■ What the task asks
Only certain lines below are wanted: those starting at the line containing "The horizontal FOV is 69.8°." and ending at the line containing "9) toy <box>479,56,700,289</box>", both included, each retyped exactly.

■ Data to examine
==================================================

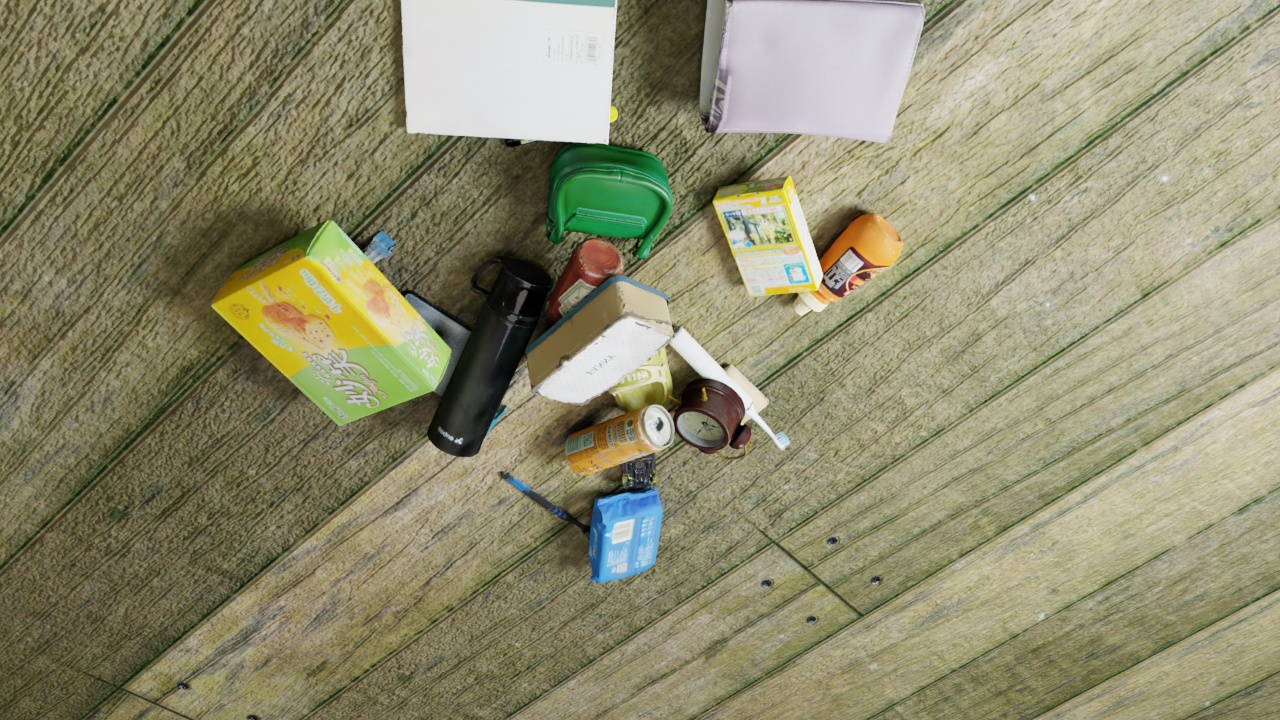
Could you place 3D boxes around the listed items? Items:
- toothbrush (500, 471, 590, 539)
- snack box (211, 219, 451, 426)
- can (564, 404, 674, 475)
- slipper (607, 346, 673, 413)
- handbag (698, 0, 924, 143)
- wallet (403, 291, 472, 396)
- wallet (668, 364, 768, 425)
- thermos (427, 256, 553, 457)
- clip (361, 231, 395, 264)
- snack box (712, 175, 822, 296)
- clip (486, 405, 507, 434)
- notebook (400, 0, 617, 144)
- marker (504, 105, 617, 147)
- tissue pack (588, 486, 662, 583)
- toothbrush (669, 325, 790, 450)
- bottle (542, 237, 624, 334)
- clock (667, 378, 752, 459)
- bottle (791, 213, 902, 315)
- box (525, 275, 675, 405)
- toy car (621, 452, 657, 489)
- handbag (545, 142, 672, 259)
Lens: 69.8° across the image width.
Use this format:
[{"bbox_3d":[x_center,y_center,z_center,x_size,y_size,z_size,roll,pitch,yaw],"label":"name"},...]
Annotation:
[{"bbox_3d":[-0.122,0.206,1.273,0.014,0.016,0.189,-43,118,12],"label":"toothbrush"},{"bbox_3d":[-0.338,-0.035,1.020,0.158,0.069,0.210,-20,125,26],"label":"snack box"},{"bbox_3d":[-0.028,0.101,1.155,0.146,0.058,0.058,-23,128,39],"label":"can"},{"bbox_3d":[-0.007,0.007,1.113,0.091,0.081,0.191,-19,127,2],"label":"slipper"},{"bbox_3d":[0.163,-0.297,0.914,0.197,0.098,0.145,0,123,-9],"label":"handbag"},{"bbox_3d":[-0.254,-0.019,1.101,0.121,0.019,0.097,34,111,-25],"label":"wallet"},{"bbox_3d":[0.102,0.065,1.203,0.115,0.024,0.087,-40,115,17],"label":"wallet"},{"bbox_3d":[-0.185,-0.007,1.076,0.090,0.068,0.243,32,113,12],"label":"thermos"},{"bbox_3d":[-0.302,-0.118,1.025,0.058,0.044,0.027,-30,126,24],"label":"clip"},{"bbox_3d":[0.146,-0.138,1.041,0.087,0.033,0.140,-4,132,31],"label":"snack box"},{"bbox_3d":[-0.194,0.074,1.174,0.039,0.013,0.056,25,116,-21],"label":"clip"},{"bbox_3d":[-0.132,-0.294,0.918,0.209,0.012,0.151,3,123,-4],"label":"notebook"},{"bbox_3d":[-0.084,-0.247,0.968,0.124,0.015,0.018,-14,121,6],"label":"marker"},{"bbox_3d":[-0.024,0.243,1.280,0.094,0.052,0.157,-9,126,-22],"label":"tissue pack"},{"bbox_3d":[0.114,0.039,1.157,0.026,0.026,0.221,-40,109,15],"label":"toothbrush"},{"bbox_3d":[-0.080,-0.054,1.048,0.059,0.059,0.207,15,141,-17],"label":"bottle"},{"bbox_3d":[0.091,0.078,1.146,0.082,0.055,0.122,-15,121,40],"label":"clock"},{"bbox_3d":[0.236,-0.106,1.082,0.066,0.066,0.150,31,122,-25],"label":"bottle"},{"bbox_3d":[-0.043,-0.021,1.003,0.089,0.059,0.185,21,134,-42],"label":"box"},{"bbox_3d":[-0.003,0.128,1.225,0.049,0.031,0.106,-6,127,-4],"label":"toy car"},{"bbox_3d":[-0.035,-0.168,0.993,0.131,0.067,0.120,5,132,-12],"label":"handbag"}]
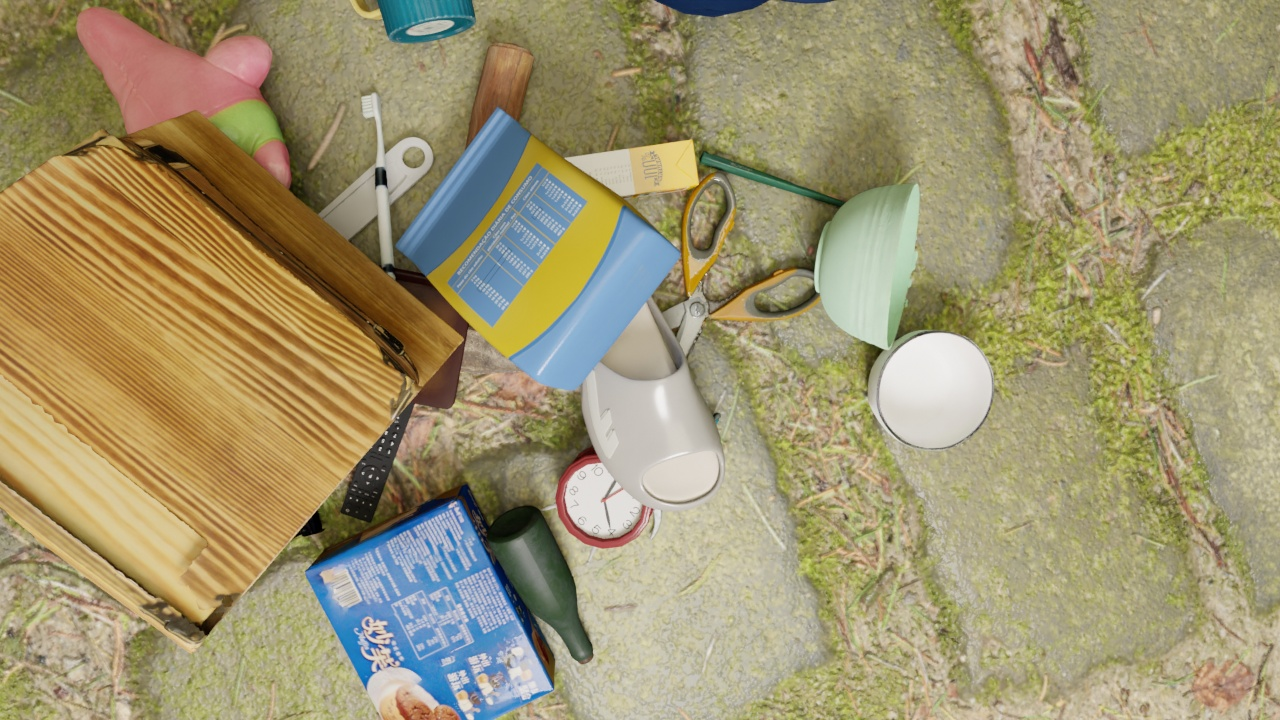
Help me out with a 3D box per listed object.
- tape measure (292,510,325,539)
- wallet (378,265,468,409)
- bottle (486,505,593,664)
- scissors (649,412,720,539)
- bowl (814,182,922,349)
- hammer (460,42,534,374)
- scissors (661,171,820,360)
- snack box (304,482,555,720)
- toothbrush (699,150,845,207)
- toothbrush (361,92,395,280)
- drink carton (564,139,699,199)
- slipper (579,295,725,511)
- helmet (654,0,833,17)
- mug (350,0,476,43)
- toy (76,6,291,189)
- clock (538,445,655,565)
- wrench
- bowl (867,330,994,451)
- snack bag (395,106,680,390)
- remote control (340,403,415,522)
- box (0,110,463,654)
[{"bbox_3d":[-0.333,0.139,0.851,0.061,0.034,0.062,-17,97,-2],"label":"tape measure"},{"bbox_3d":[-0.198,-0.020,0.819,0.091,0.018,0.115,11,94,-6],"label":"wallet"},{"bbox_3d":[-0.085,0.221,0.871,0.055,0.055,0.174,-25,114,-3],"label":"bottle"},{"bbox_3d":[0.024,0.095,0.890,0.124,0.019,0.154,-14,100,-2],"label":"scissors"},{"bbox_3d":[0.204,-0.089,0.836,0.077,0.150,0.151,11,96,21],"label":"bowl"},{"bbox_3d":[-0.140,-0.137,0.838,0.158,0.037,0.301,10,95,-7],"label":"hammer"},{"bbox_3d":[0.077,-0.059,0.879,0.216,0.016,0.225,17,99,-8],"label":"scissors"},{"bbox_3d":[-0.191,0.242,0.859,0.155,0.069,0.203,-25,98,-3],"label":"snack box"},{"bbox_3d":[0.148,-0.168,0.874,0.189,0.016,0.017,16,97,-7],"label":"toothbrush"},{"bbox_3d":[-0.232,-0.150,0.815,0.017,0.012,0.186,-9,79,10],"label":"toothbrush"},{"bbox_3d":[-0.014,-0.169,0.836,0.122,0.058,0.040,-9,97,-5],"label":"drink carton"},{"bbox_3d":[-0.005,0.005,0.811,0.112,0.081,0.265,-19,78,-13],"label":"slipper"},{"bbox_3d":[0.075,-0.384,0.739,0.272,0.223,0.231,31,68,1],"label":"helmet"},{"bbox_3d":[-0.206,-0.335,0.796,0.114,0.083,0.107,-9,102,24],"label":"mug"},{"bbox_3d":[-0.390,-0.206,0.781,0.192,0.096,0.236,-42,89,13],"label":"toy"},{"bbox_3d":[-0.023,0.118,0.860,0.138,0.048,0.096,-43,90,13],"label":"clock"},{"bbox_3d":[-0.304,-0.115,0.836,0.273,0.018,0.086,-43,97,-1],"label":"wrench"},{"bbox_3d":[0.271,0.026,0.884,0.116,0.065,0.116,-1,96,-6],"label":"bowl"},{"bbox_3d":[-0.095,-0.097,0.769,0.205,0.102,0.159,40,97,17],"label":"snack bag"},{"bbox_3d":[-0.245,0.084,0.866,0.030,0.009,0.140,21,94,-8],"label":"remote control"},{"bbox_3d":[-0.329,0.013,0.640,0.279,0.322,0.285,42,118,-8],"label":"box"}]
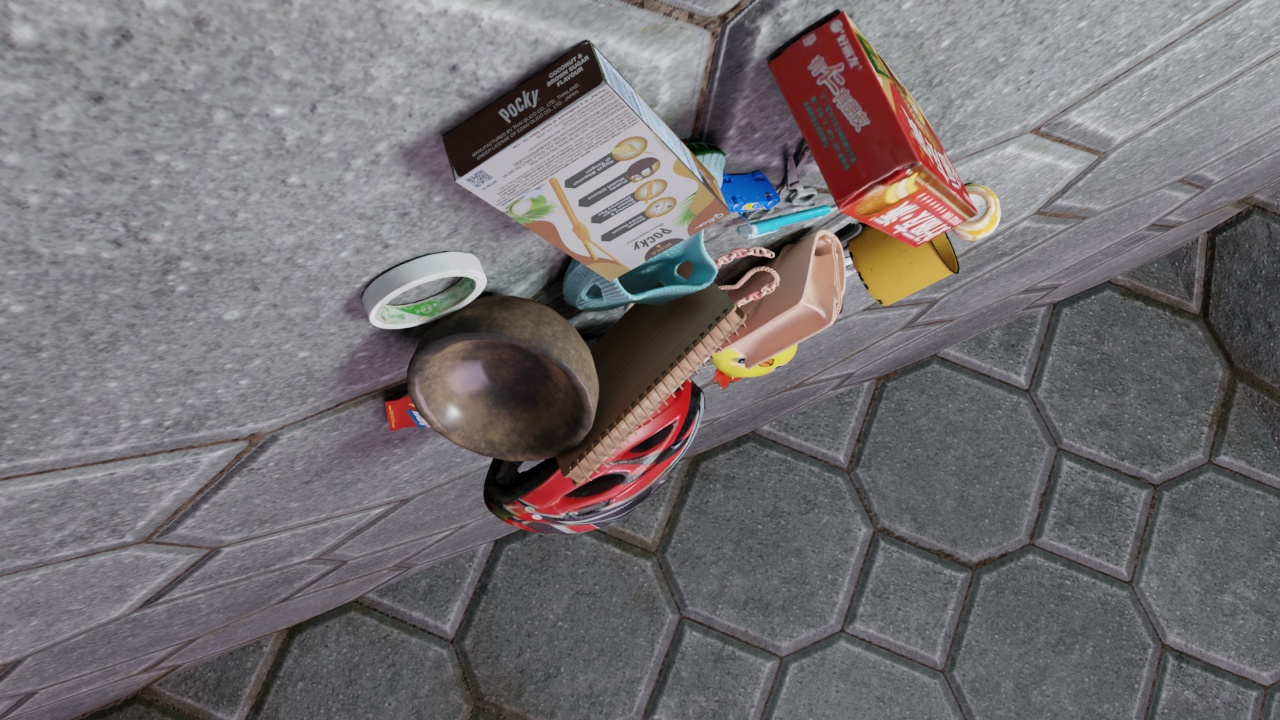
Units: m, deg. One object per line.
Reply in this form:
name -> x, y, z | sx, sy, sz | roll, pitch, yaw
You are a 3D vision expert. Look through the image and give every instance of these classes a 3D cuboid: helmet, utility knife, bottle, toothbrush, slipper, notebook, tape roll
helmet -> -0.050, 0.081, 0.989 | 0.271, 0.167, 0.218 | -46, -160, -20
utility knife -> 0.159, -0.141, 0.891 | 0.148, 0.015, 0.022 | -19, -161, -27
bottle -> 0.412, -0.179, 1.135 | 0.063, 0.063, 0.108 | -28, 168, 19
toothbrush -> 0.193, -0.118, 1.099 | 0.168, 0.012, 0.013 | -32, 157, 36
slipper -> 0.006, -0.085, 0.763 | 0.115, 0.069, 0.277 | -15, 165, -20
notebook -> -0.005, 0.005, 0.846 | 0.210, 0.022, 0.169 | -45, -154, 7
tape roll -> -0.163, -0.053, 0.697 | 0.094, 0.018, 0.094 | -22, 169, -5

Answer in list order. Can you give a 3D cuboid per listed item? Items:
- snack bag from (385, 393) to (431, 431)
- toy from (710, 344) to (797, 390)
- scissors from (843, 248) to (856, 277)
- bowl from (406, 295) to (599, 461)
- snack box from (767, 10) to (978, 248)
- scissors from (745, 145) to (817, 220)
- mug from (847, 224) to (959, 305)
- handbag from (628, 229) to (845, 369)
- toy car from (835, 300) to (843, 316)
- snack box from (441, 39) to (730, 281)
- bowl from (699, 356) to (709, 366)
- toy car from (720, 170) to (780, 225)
snack bag -> -0.201, 0.045, 0.994 | 0.144, 0.039, 0.131 | -10, 166, -16
toy -> 0.162, -0.044, 1.178 | 0.133, 0.092, 0.208 | 7, 145, -45
scissors -> 0.243, -0.119, 1.195 | 0.174, 0.013, 0.171 | -9, 158, -45
bowl -> -0.114, 0.010, 0.793 | 0.162, 0.070, 0.162 | 5, 135, 5
snack box -> 0.177, -0.155, 0.668 | 0.060, 0.113, 0.236 | -29, 167, 26
scissors -> 0.145, -0.161, 0.823 | 0.120, 0.014, 0.160 | -17, 169, -26
mug -> 0.310, -0.126, 1.083 | 0.094, 0.100, 0.123 | -28, 170, 30
handbag -> 0.116, -0.096, 0.991 | 0.187, 0.116, 0.199 | 26, 147, -24
toy car -> 0.207, -0.088, 1.059 | 0.037, 0.092, 0.040 | 5, 151, -39
snack box -> -0.025, -0.114, 0.577 | 0.101, 0.031, 0.186 | -27, 157, 18
bowl -> 0.046, -0.016, 1.124 | 0.114, 0.050, 0.115 | -19, 158, -8
toy car -> 0.081, -0.129, 0.780 | 0.091, 0.033, 0.062 | -13, 157, -41
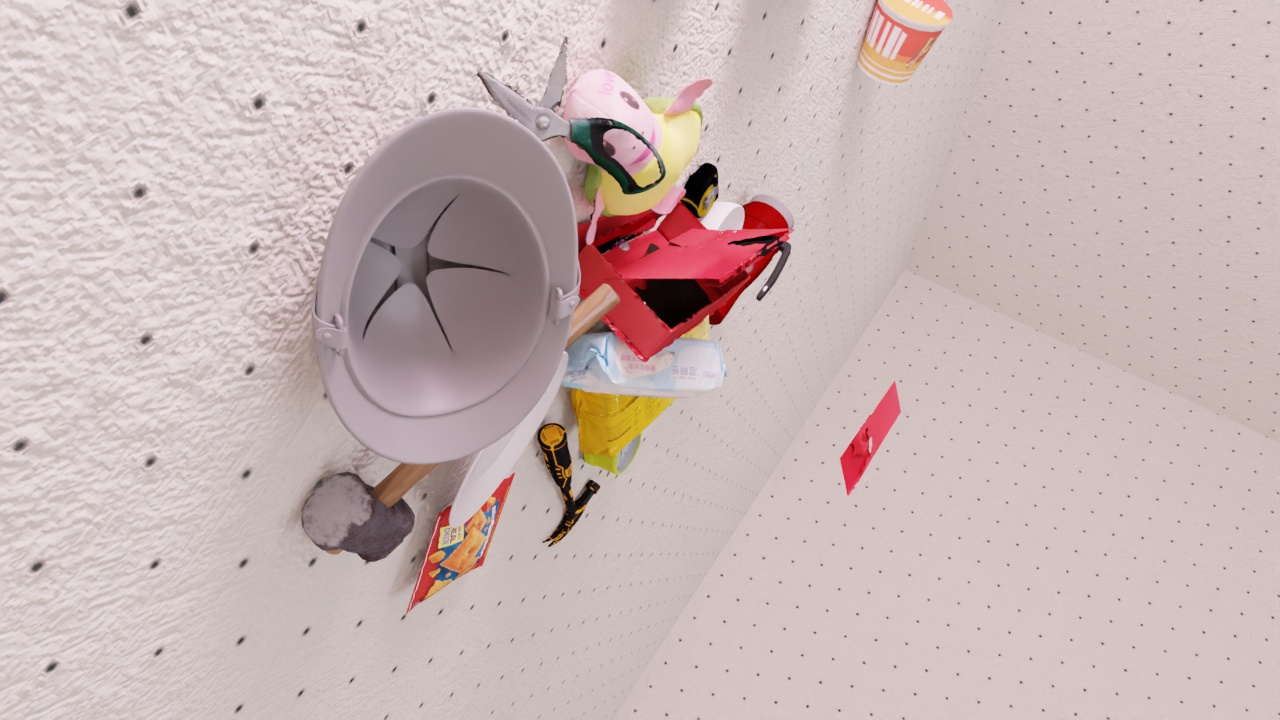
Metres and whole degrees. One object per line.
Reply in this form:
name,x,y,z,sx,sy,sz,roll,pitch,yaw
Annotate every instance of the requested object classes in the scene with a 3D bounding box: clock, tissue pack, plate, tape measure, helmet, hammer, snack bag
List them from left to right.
helmet,-0.149,-0.063,0.650,0.183,0.117,0.272,-10,127,-28
snack bag,-0.198,0.197,1.011,0.143,0.039,0.131,-22,136,-64
hammer,-0.145,0.048,0.789,0.328,0.052,0.098,-43,159,-5
plate,-0.136,0.076,0.929,0.208,0.015,0.209,-57,174,-9
hammer,-0.105,0.165,1.235,0.123,0.036,0.321,-53,163,-22
clock,-0.039,0.106,1.286,0.083,0.057,0.119,-43,149,-43
tissue pack,-0.006,0.006,1.029,0.181,0.112,0.070,3,87,-35
snack bag,0.005,0.014,1.182,0.246,0.068,0.160,-41,151,-27
tape measure,0.077,-0.210,1.158,0.061,0.034,0.062,-54,160,-17

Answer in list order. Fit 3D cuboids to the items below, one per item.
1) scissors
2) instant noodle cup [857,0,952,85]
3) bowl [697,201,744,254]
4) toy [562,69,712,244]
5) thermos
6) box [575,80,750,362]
scissors,-0.080,-0.152,0.750,0.204,0.015,0.201,-48,135,13
instant noodle cup,0.424,-0.530,1.502,0.123,0.123,0.121,-46,164,-39
bowl,0.089,-0.165,1.230,0.114,0.050,0.115,-51,160,-28
toy,-0.002,-0.198,0.875,0.190,0.087,0.237,-49,161,15
thermos,0.152,-0.143,1.345,0.198,0.108,0.084,-52,161,-20
box,-0.029,-0.248,0.972,0.213,0.171,0.479,-34,117,-53
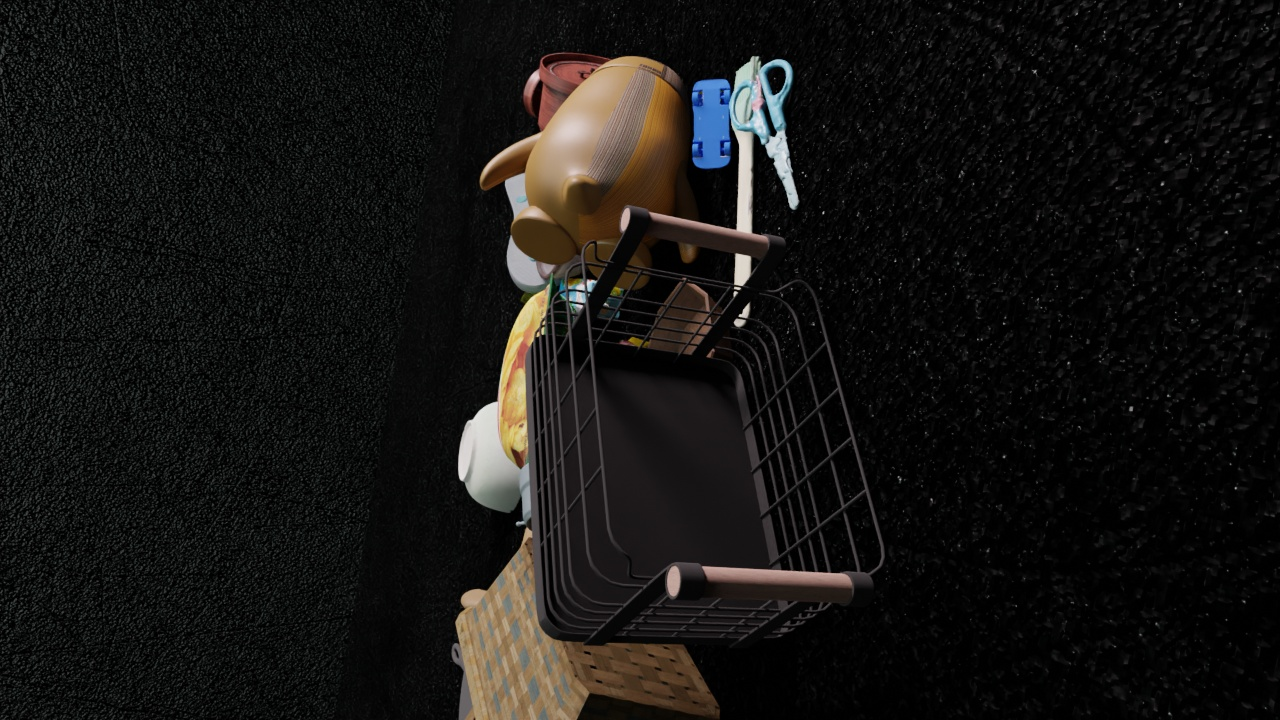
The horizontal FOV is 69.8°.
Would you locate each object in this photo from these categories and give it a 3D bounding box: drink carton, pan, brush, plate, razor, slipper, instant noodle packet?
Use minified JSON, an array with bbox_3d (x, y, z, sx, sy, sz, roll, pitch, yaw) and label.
[{"bbox_3d":[-0.056,-0.067,0.985,0.129,0.044,0.038,-162,82,-70],"label":"drink carton"},{"bbox_3d":[-0.229,0.439,1.242,0.355,0.024,0.216,178,101,-69],"label":"pan"},{"bbox_3d":[0.081,-0.131,0.710,0.033,0.012,0.217,156,119,-64],"label":"brush"},{"bbox_3d":[0.039,0.002,0.740,0.131,0.025,0.131,-171,90,-69],"label":"plate"},{"bbox_3d":[-0.115,-0.086,1.139,0.026,0.042,0.105,-59,5,21],"label":"razor"},{"bbox_3d":[-0.115,-0.161,1.142,0.268,0.098,0.055,-102,-4,-47],"label":"slipper"},{"bbox_3d":[-0.107,0.030,0.995,0.253,0.090,0.195,119,158,-80],"label":"instant noodle packet"}]

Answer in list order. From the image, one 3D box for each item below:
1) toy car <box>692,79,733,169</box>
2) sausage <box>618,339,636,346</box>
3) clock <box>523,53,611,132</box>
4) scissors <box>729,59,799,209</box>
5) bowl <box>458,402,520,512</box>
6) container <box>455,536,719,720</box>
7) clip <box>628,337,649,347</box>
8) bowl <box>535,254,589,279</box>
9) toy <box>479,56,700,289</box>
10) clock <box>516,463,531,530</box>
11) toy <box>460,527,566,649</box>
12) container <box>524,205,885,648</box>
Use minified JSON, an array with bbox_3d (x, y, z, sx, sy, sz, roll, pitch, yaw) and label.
[{"bbox_3d":[0.063,-0.201,0.772,0.062,0.033,0.092,10,-100,-79],"label":"toy car"},{"bbox_3d":[0.006,0.004,0.756,0.155,0.020,0.020,-149,70,-67],"label":"sausage"},{"bbox_3d":[-0.057,-0.278,0.980,0.157,0.120,0.072,-122,37,-48],"label":"clock"},{"bbox_3d":[0.101,-0.164,0.669,0.063,0.015,0.138,-35,56,32],"label":"scissors"},{"bbox_3d":[-0.201,0.126,1.236,0.153,0.072,0.153,-172,91,-70],"label":"bowl"},{"bbox_3d":[-0.058,0.277,0.705,0.186,0.157,0.250,-65,24,10],"label":"container"},{"bbox_3d":[-0.008,0.002,0.848,0.053,0.039,0.047,21,93,67],"label":"clip"},{"bbox_3d":[-0.062,-0.154,1.006,0.145,0.067,0.145,-171,90,-69],"label":"bowl"},{"bbox_3d":[-0.022,-0.180,0.826,0.163,0.198,0.202,103,-174,-62],"label":"toy"},{"bbox_3d":[-0.030,0.106,0.747,0.160,0.122,0.045,-32,54,46],"label":"clock"},{"bbox_3d":[-0.108,0.223,0.938,0.105,0.134,0.108,-23,-48,-63],"label":"toy"},{"bbox_3d":[0.030,0.047,0.546,0.131,0.162,0.240,125,146,-48],"label":"container"}]

==================================================

■ Result for this task
The horizontal FOV is 69.8°.
Would you locate each object in this photo from these categories and give it a 3D bounding box: drink carton, pan, brush, plate, razor, slipper, instant noodle packet?
Use minified JSON, an array with bbox_3d (x, y, z, sx, sy, sz, roll, pitch, yaw) and label.
[{"bbox_3d":[-0.056,-0.067,0.985,0.129,0.044,0.038,-162,82,-70],"label":"drink carton"},{"bbox_3d":[-0.229,0.439,1.242,0.355,0.024,0.216,178,101,-69],"label":"pan"},{"bbox_3d":[0.081,-0.131,0.710,0.033,0.012,0.217,156,119,-64],"label":"brush"},{"bbox_3d":[0.039,0.002,0.740,0.131,0.025,0.131,-171,90,-69],"label":"plate"},{"bbox_3d":[-0.115,-0.086,1.139,0.026,0.042,0.105,-59,5,21],"label":"razor"},{"bbox_3d":[-0.115,-0.161,1.142,0.268,0.098,0.055,-102,-4,-47],"label":"slipper"},{"bbox_3d":[-0.107,0.030,0.995,0.253,0.090,0.195,119,158,-80],"label":"instant noodle packet"}]

Answer in list order. From the image, one 3D box for each item below:
1) toy car <box>692,79,733,169</box>
2) sausage <box>618,339,636,346</box>
3) clock <box>523,53,611,132</box>
4) scissors <box>729,59,799,209</box>
5) bowl <box>458,402,520,512</box>
6) container <box>455,536,719,720</box>
7) clip <box>628,337,649,347</box>
8) bowl <box>535,254,589,279</box>
9) toy <box>479,56,700,289</box>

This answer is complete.